[Opening Source material section]
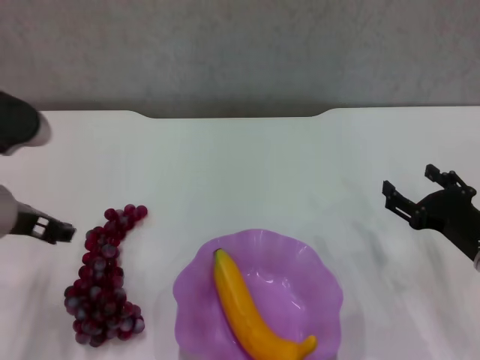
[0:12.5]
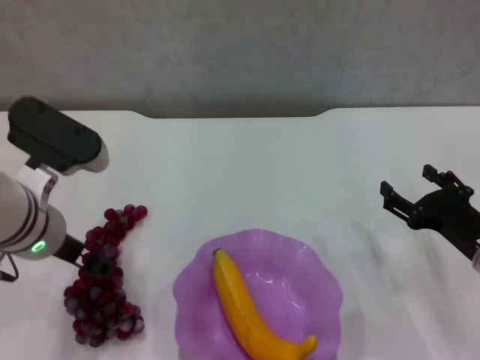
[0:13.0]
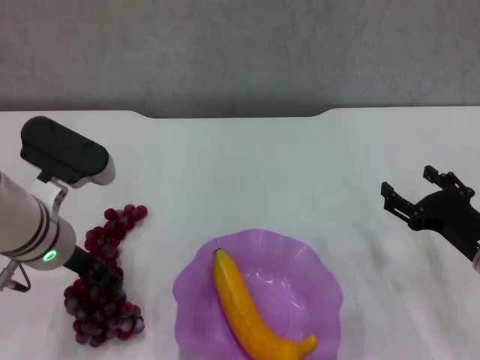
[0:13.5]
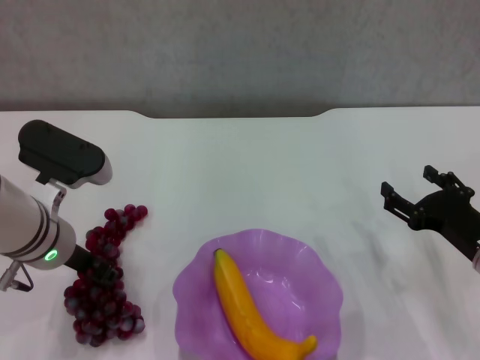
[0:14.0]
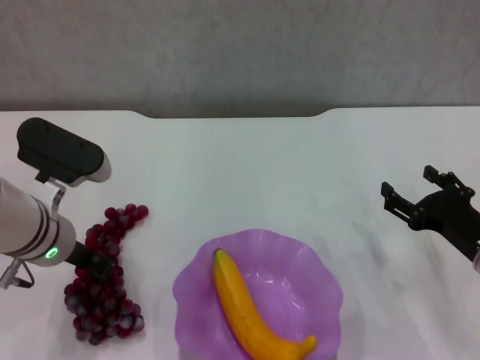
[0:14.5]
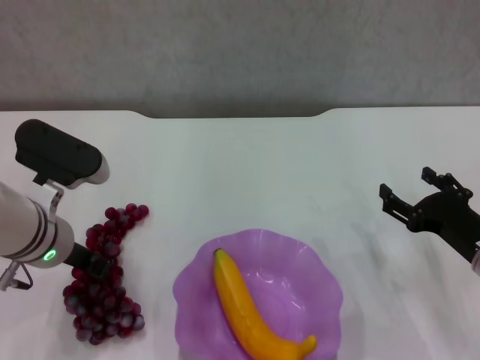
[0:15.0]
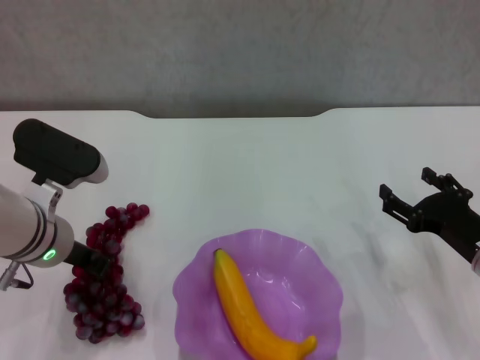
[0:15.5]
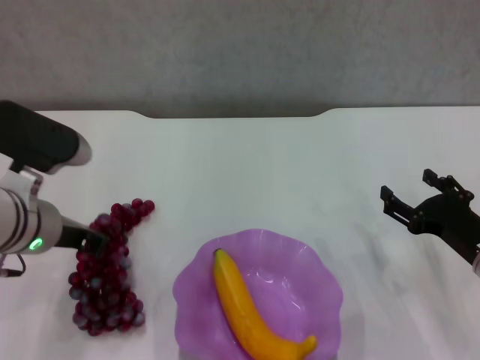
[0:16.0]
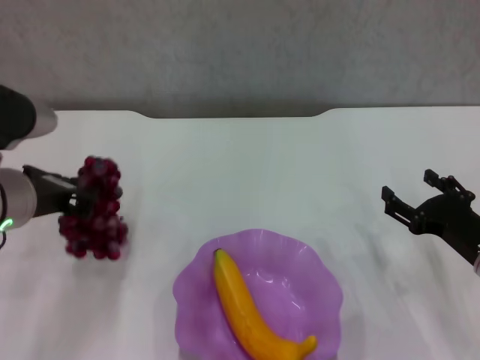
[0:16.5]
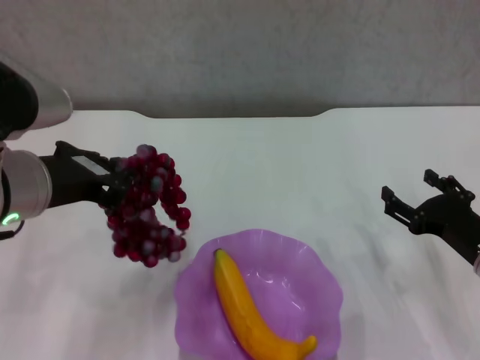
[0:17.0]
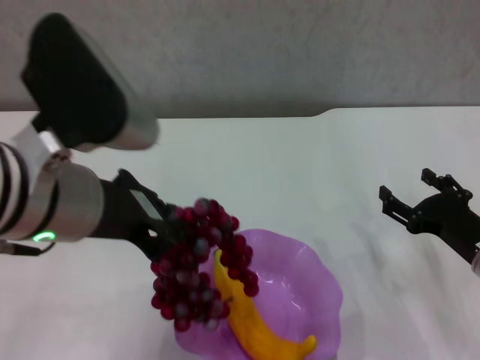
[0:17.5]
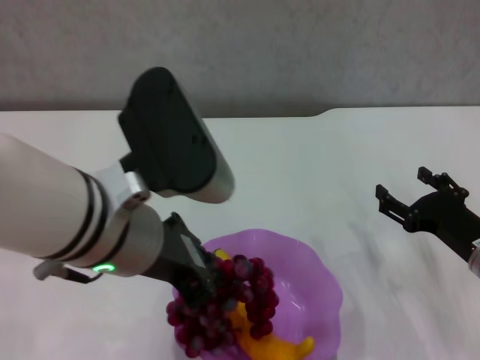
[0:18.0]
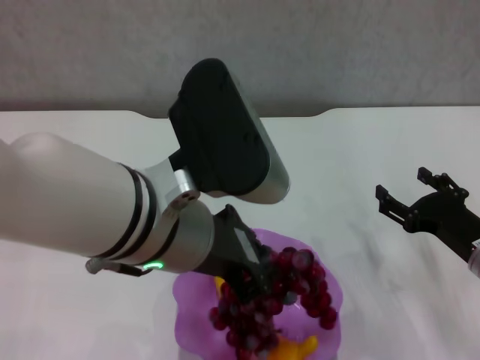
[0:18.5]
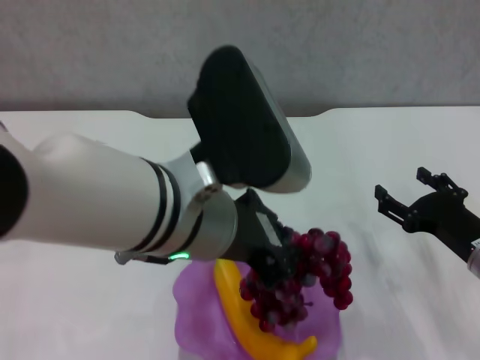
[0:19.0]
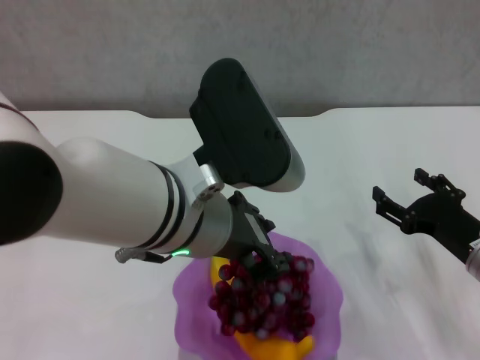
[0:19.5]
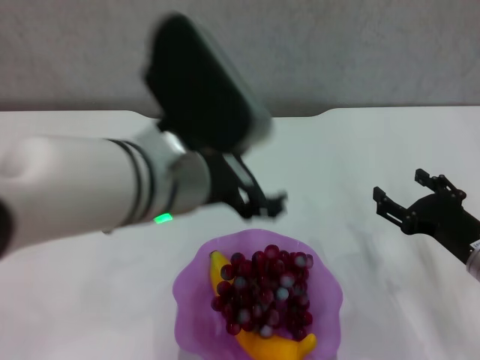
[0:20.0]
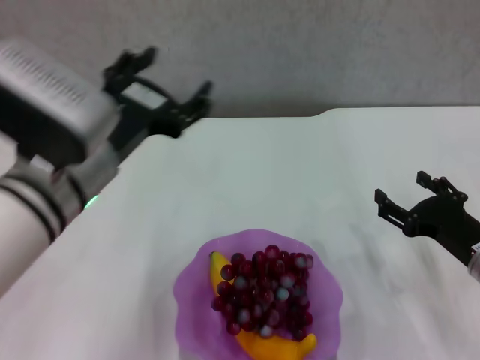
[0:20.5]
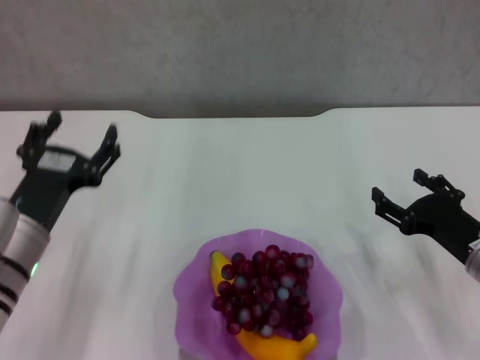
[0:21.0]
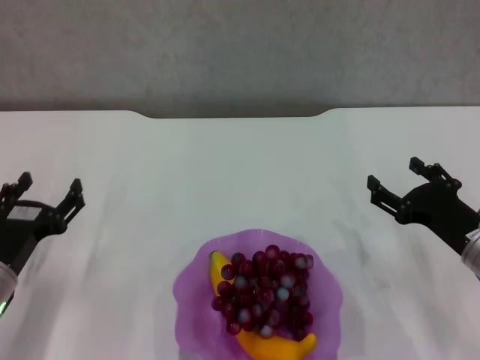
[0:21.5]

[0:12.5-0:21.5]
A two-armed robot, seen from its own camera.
Step, 0:12.5 to 0:15.5: Grasp the grape with left gripper.
Step, 0:16.0 to 0:20.0: Place the grape in the purple plate with left gripper.
0:12.5 to 0:14.5: The left gripper shifts approximately 5 cm downward, and closes.
0:14.5 to 0:17.0: The left gripper is displaced upward and backward by about 10 cm.
0:17.0 to 0:19.5: The left gripper goes about 15 cm to the right.
0:19.5 to 0:21.5: The left gripper moves to the left and downward, some 30 cm, and opens.
[Closing Source material section]
# What is required
Reproduce the material above in full, images excluded.

# Written solution
[0:12.5]
[0:13.0]
[0:13.5]
[0:14.0]
[0:14.5]
[0:15.0]
[0:15.5]
[0:16.0]
[0:16.5]
[0:17.0]
[0:17.5]
[0:18.0]
[0:18.5]
[0:19.0]
[0:19.5]
[0:20.0]
[0:20.5]
[0:21.0]
[0:21.5]

[0:12.5-0:21.5]
A two-armed robot, seen from its own camera.
Step, 0:12.5 to 0:15.5: Grasp the grape with left gripper.
Step, 0:16.0 to 0:20.0: Place the grape in the purple plate with left gripper.
0:12.5 to 0:14.5: The left gripper shifts approximately 5 cm downward, and closes.
0:14.5 to 0:17.0: The left gripper is displaced upward and backward by about 10 cm.
0:17.0 to 0:19.5: The left gripper goes about 15 cm to the right.
0:19.5 to 0:21.5: The left gripper moves to the left and downward, some 30 cm, and opens.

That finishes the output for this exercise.